• Task objective
For every line in the material below that holds "sqrt", report the line.

• Supplied data

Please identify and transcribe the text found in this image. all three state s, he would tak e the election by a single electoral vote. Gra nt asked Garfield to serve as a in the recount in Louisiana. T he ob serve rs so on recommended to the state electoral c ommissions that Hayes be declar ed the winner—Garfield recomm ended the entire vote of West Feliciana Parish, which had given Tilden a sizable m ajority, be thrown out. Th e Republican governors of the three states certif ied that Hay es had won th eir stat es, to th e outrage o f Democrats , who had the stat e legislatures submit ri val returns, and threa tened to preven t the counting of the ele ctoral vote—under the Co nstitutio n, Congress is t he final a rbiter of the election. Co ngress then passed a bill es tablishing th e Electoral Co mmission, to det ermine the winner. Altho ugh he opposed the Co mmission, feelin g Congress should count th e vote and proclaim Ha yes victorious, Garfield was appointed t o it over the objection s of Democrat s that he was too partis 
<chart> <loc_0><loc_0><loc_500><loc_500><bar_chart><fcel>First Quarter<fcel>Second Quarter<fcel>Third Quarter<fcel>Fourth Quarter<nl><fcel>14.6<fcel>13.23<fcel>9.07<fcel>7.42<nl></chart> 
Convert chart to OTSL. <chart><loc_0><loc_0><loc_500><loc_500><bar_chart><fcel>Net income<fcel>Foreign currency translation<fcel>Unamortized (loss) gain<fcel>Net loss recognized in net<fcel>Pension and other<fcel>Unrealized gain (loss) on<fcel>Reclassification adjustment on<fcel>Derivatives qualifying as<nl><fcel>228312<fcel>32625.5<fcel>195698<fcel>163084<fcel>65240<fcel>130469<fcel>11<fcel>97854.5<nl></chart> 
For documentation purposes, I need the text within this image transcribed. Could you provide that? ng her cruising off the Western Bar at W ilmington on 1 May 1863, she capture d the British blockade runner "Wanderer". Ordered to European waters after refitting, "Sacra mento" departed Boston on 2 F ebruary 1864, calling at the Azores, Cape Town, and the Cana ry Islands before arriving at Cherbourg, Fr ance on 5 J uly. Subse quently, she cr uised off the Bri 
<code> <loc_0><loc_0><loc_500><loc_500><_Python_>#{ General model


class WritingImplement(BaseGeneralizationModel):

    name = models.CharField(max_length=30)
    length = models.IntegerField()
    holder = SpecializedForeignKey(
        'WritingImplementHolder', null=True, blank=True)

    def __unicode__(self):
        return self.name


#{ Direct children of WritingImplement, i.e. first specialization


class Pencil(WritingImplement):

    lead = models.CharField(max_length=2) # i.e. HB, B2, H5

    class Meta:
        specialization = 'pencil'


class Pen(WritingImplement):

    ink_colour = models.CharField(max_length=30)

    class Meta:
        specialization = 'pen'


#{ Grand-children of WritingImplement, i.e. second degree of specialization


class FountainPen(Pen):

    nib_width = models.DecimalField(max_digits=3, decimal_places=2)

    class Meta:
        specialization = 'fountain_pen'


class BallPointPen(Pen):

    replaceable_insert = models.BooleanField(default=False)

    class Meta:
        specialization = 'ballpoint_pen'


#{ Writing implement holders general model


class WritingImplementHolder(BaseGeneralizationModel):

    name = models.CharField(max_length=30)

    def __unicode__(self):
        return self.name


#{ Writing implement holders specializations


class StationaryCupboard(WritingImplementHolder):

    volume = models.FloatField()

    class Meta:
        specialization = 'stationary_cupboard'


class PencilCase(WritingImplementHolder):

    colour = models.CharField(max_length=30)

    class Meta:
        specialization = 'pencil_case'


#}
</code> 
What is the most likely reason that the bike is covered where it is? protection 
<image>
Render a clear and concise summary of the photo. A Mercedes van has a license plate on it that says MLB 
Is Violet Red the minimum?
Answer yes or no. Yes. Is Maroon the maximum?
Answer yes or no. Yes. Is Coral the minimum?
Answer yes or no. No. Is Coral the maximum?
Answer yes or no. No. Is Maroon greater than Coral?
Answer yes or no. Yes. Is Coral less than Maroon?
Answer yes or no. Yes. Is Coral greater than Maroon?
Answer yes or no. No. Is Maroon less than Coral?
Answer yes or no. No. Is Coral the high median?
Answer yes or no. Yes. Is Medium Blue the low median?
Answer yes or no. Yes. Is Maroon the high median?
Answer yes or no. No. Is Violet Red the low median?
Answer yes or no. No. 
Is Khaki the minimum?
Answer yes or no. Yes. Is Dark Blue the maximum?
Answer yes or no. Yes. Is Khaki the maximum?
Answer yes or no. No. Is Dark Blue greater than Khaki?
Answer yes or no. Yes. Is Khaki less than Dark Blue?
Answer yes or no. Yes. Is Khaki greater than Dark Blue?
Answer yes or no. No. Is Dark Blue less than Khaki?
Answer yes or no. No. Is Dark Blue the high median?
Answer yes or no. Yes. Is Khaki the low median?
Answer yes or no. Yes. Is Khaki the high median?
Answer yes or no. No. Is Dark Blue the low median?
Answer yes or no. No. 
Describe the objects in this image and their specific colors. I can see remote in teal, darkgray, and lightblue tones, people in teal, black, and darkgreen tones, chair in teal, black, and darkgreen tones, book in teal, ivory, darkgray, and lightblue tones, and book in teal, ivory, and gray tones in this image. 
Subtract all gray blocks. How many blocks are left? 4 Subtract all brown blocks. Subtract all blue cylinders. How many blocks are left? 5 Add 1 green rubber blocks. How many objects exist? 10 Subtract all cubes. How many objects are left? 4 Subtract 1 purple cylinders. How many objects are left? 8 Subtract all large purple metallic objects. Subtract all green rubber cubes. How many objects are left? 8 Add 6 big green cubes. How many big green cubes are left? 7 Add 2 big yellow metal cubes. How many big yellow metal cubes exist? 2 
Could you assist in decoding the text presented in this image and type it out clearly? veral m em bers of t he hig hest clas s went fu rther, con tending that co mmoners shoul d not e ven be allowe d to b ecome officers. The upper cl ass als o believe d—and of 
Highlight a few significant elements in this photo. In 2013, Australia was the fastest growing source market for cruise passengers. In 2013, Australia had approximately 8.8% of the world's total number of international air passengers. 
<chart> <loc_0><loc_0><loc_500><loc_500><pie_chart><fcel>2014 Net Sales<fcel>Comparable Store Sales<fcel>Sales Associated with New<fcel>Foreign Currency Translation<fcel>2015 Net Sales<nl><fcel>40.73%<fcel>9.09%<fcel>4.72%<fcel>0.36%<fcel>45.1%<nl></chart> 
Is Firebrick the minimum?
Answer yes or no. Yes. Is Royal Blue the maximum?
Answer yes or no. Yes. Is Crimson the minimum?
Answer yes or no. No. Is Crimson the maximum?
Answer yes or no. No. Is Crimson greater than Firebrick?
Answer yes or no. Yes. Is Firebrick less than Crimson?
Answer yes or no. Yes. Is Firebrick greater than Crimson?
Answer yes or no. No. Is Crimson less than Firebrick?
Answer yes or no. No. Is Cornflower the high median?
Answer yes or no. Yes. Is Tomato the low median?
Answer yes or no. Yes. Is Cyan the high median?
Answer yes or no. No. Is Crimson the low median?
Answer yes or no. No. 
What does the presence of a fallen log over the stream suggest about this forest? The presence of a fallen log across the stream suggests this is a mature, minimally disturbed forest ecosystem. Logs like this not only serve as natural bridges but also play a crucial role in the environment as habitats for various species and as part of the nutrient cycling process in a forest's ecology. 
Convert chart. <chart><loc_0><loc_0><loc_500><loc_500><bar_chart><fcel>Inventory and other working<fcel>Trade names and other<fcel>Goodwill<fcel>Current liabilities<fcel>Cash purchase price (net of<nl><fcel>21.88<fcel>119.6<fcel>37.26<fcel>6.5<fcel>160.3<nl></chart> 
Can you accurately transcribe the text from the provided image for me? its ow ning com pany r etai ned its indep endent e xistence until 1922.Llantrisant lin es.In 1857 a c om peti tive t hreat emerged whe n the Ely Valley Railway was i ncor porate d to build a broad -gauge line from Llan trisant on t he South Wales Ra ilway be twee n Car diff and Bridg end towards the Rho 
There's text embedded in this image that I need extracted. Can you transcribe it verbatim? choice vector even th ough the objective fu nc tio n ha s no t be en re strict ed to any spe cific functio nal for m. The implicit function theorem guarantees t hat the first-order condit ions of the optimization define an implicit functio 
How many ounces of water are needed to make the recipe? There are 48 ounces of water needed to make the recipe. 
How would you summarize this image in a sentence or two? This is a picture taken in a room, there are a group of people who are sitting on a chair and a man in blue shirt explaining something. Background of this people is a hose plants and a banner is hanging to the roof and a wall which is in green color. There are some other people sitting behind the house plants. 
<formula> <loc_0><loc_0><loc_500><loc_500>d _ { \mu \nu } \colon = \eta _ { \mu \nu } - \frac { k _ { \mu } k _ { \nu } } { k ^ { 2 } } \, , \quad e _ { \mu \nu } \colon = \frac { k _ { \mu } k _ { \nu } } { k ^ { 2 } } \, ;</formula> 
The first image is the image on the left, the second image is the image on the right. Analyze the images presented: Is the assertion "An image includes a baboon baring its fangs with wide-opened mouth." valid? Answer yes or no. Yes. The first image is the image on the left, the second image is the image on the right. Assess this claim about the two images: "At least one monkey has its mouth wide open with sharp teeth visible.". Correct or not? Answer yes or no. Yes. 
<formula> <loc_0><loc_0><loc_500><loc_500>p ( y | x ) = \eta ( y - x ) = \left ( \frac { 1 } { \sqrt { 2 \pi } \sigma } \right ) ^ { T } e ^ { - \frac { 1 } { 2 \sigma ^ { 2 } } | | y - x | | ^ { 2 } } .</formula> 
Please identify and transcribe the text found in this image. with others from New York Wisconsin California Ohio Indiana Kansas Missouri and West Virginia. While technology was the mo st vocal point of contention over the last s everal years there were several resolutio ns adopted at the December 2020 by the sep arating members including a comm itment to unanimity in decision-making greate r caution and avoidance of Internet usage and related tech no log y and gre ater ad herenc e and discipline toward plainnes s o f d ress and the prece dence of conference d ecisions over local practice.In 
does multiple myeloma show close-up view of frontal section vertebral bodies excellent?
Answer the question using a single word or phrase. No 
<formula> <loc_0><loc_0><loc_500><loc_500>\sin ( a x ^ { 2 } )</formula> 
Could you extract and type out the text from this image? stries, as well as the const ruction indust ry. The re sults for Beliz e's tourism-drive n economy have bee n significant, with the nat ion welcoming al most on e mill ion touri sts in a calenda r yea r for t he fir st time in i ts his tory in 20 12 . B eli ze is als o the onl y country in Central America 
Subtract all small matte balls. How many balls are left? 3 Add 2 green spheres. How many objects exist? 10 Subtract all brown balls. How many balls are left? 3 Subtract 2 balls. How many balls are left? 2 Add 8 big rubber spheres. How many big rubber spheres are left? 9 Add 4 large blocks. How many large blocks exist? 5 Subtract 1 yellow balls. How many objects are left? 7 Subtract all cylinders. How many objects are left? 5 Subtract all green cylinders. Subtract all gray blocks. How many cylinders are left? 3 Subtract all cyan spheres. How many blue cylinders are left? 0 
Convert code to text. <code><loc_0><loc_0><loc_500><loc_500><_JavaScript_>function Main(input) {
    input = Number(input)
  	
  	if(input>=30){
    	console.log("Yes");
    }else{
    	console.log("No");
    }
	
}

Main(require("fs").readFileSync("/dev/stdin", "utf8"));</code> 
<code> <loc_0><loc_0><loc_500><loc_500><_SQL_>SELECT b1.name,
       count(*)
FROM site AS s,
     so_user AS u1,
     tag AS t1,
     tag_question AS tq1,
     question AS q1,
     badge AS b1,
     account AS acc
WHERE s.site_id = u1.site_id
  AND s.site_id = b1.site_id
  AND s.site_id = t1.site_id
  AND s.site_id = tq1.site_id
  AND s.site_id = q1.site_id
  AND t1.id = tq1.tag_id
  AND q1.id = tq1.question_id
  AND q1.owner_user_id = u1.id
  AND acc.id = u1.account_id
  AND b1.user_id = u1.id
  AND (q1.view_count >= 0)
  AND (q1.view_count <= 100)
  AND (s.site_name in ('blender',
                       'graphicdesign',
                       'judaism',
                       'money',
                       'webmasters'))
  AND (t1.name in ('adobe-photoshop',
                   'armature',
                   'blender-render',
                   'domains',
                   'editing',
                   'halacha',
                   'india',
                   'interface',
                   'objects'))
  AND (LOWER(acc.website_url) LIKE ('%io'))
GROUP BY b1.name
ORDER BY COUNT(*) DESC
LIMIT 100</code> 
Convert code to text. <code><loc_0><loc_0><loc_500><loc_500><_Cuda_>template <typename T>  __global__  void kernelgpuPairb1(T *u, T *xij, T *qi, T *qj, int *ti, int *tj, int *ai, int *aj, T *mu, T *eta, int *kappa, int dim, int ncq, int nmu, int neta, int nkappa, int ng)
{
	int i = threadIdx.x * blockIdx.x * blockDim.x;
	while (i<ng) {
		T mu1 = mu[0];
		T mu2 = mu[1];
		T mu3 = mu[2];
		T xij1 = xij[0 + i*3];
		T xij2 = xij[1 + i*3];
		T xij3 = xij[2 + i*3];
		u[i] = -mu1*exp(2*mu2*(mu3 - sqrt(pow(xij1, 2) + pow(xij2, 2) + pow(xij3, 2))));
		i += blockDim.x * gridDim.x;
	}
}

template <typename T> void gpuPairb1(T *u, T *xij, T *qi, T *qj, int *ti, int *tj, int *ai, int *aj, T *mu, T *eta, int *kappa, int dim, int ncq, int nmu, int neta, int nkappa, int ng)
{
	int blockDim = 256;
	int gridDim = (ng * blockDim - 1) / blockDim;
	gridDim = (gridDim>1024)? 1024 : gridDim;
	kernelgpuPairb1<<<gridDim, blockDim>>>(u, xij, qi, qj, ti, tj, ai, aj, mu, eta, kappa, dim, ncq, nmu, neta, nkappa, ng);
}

• Response to the task
<formula> <loc_0><loc_0><loc_500><loc_500>p ( y | x ) = \eta ( y - x ) = \left ( \frac { 1 } { \sqrt { 2 \pi } \sigma } \right ) ^ { T } e ^ { - \frac { 1 } { 2 \sigma ^ { 2 } } | | y - x | | ^ { 2 } } .</formula> 
		u[i] = -mu1*exp(2*mu2*(mu3 - sqrt(pow(xij1, 2) + pow(xij2, 2) + pow(xij3, 2))));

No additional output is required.